With the objective of achieving better investigation of engines-fuels by obtaining instantaneous quantitative imaging of in-cylinder processes, several steps have been taken for some years at Rutgers University. They are: (1) Construction of a new multispectral high-speed infrared (IR) digital imaging system; (2) Development of spectrometric analysis methods; (3) Application of the above to real-world in-cylinder engine environments and simple flames. This paper reports some of results from these studies.
The one-of-a-kind Rutgers IR imaging system was developed in order to simultaneously capture four geometrically (pixel-to-pixel) identical images in respective spectral bands of IR radiation issued from a combustion chamber at successive instants of time and high frame rates.

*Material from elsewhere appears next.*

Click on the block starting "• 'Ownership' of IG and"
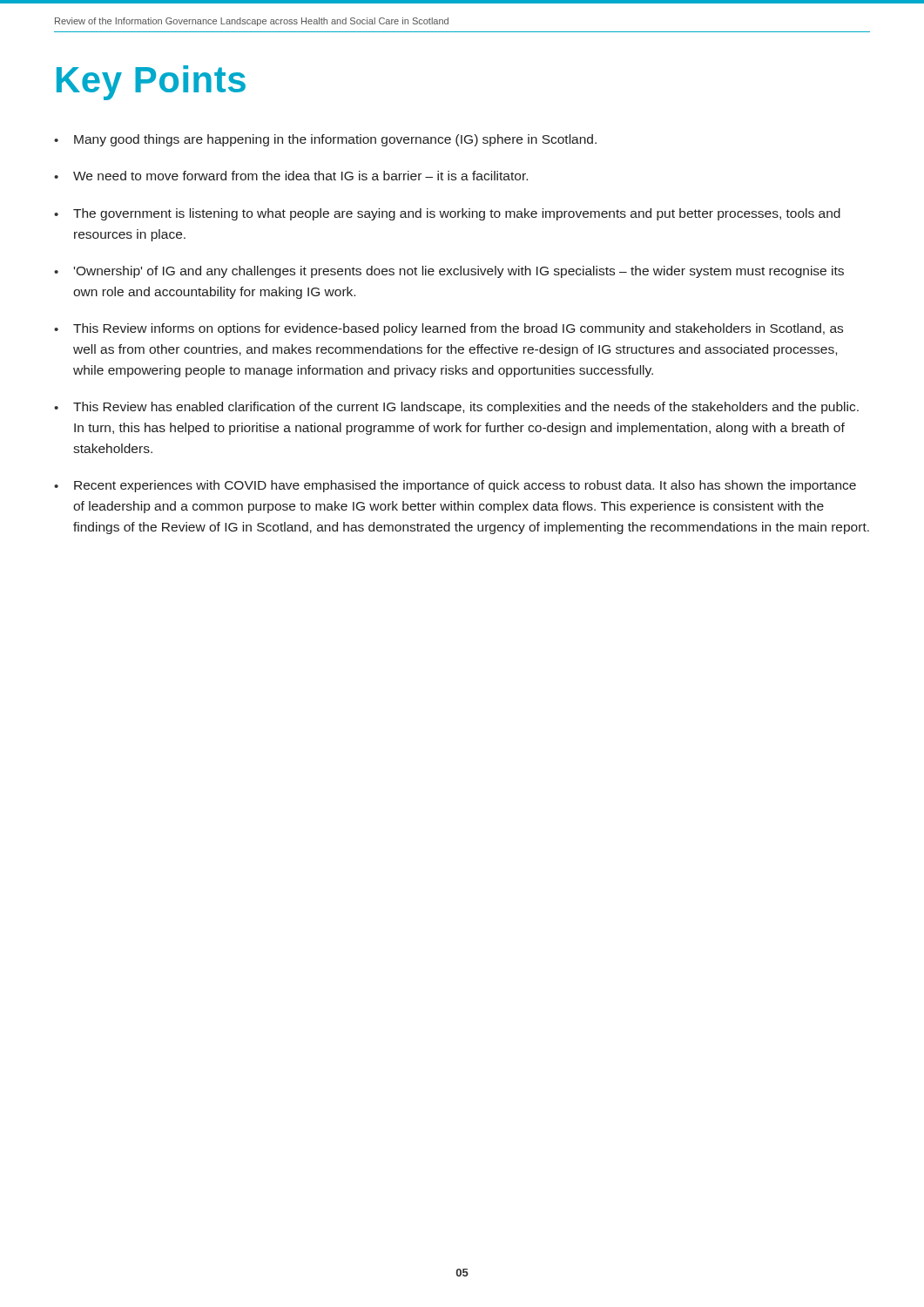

In order to process the raw data gathered by this Rutgers system, three new spectrometric methods have been developed to date: (1) dual-band mapping method; (2) new band-ratio method; and (3) three-band iteration method. The former two methods were developed to obtain instantaneous distributions of temperature and water vapor concentrations, and the latter method is to simultaneously find those of temperature, water vapor and soot in gaseous mixtures, i.e., to achieve quantitative imaging.
Applications of these techniques were made to both SI and CI engine combustion processes as well as bench-top burner flames. Discussion is made on the methods and new results.